What’s more important – design or functionality?

My professional background comes from the world of design. I’ve been fortunate enough during my career to have many international design awards on my resume. So, I’d like to think that I have a pretty good understanding of the value of design when it comes to marketing. I’ve also had the privilege of expanding my knowledge of marketing over the years through formal training and through life experience to gain a better understanding of what makes people react to visual communication.

Looking strictly online, we see that there are oodles of website design shops out there that are producing killer looking websites – and they’ve become quite successful at it. The disappointing fact is that many are simply taking advantage of people who don’t fully understand marketing by placing their entire marketing strategy on the back of what amounts to a coat of paint. Whether it be intentionally or unintentionally, there are thousands of beautiful websites that are simply sitting there looking good – and not accomplishing much else.

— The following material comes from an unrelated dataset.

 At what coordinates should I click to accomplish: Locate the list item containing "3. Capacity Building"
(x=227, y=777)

It’s like highschool all over again.

Let’s take it to the print world for a moment. I could design an award winning brochure for a client that they could put in a gorgeous display in their place of business. If no one ever walks into the business, how would they ever get to see this award winning brochure? Design can only take you so far. You can always polish a turd, but at the end of the day a turd still gets flushed. Beautiful design should simply exist to support a much larger strategic endeavor.

A little bit country, a little bit rock ‘n’ roll

The functionality of a website is much more important than what it looks like, but truth be told, the combination of both is the recipe for success. The content strategy behind a website is what is king. Unless someone is browsing Instagram, they aren’t looking for pretty pictures. They’re looking for information and answers to questions that will solve their problems and make their lives easier. Success is determined by how quickly and effectively they can have their questions answered and they will put more value and credibility into the source that provides them with this information.

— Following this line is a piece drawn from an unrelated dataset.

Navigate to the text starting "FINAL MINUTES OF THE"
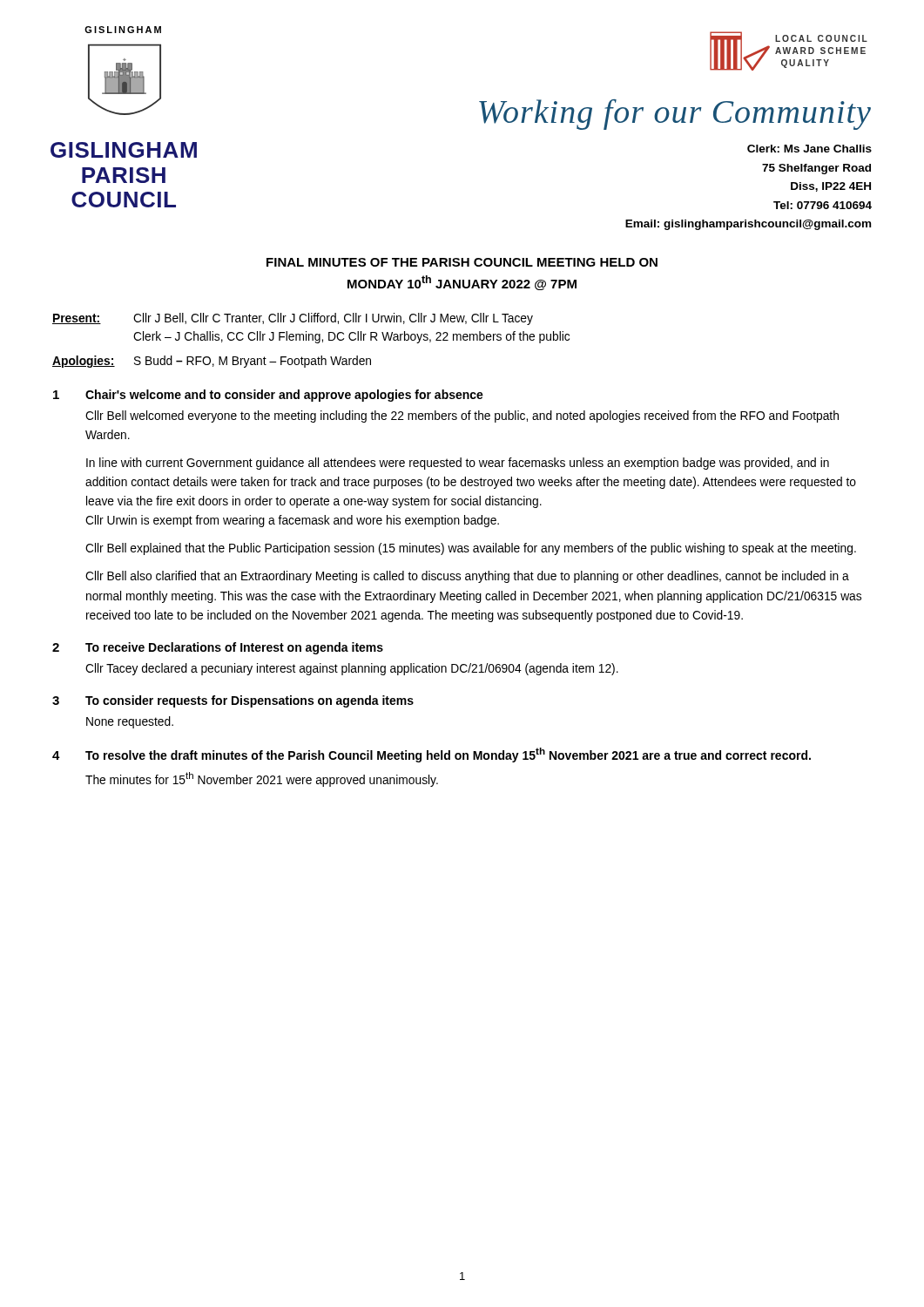This screenshot has height=1307, width=924. [462, 273]

So if your web development team has been all about the look and nothing else, you may need to ask yourself (and them) a few questions:

  • What is the purpose of the website?
    Is your website intended to just be an online brochure or do you want it to be an extension of your brand? Anyone can design their own website for free and there’s plenty of low cost and free design templates that look fantastic. However, there is skill involved in producing an effective website. I could technically change the brakes on my car, but later that afternoon you’d probably find me crashed through the front of a KFC with mayonnaise in my hair. Leave it to professionals you can trust.

Good thing I keep extra wet wipes in the glove compartment.

  • How is the website going to affect my brand?
    Do the people designing your website have an understanding of inbound marketing? Do they understand that your website is an extension of your brand or are they simply known for designing beautiful websites? Few can help you create relevant content with a clear understanding of your audience’s pain points.
  • What kind of return on investment do I expect?
    If you don’t expect any return on your investment, then don’t bother wasting your time and money. You need to view your website as global location that reflects your brand and requires constant attention. How much effort you want to put into your online marketing strategy will determine what you get out of it.

Great design is important. It can draw attention and help build brand credibility, but as I’ve mentioned, it needs to be supported by a sound strategy and great content that people find valuable.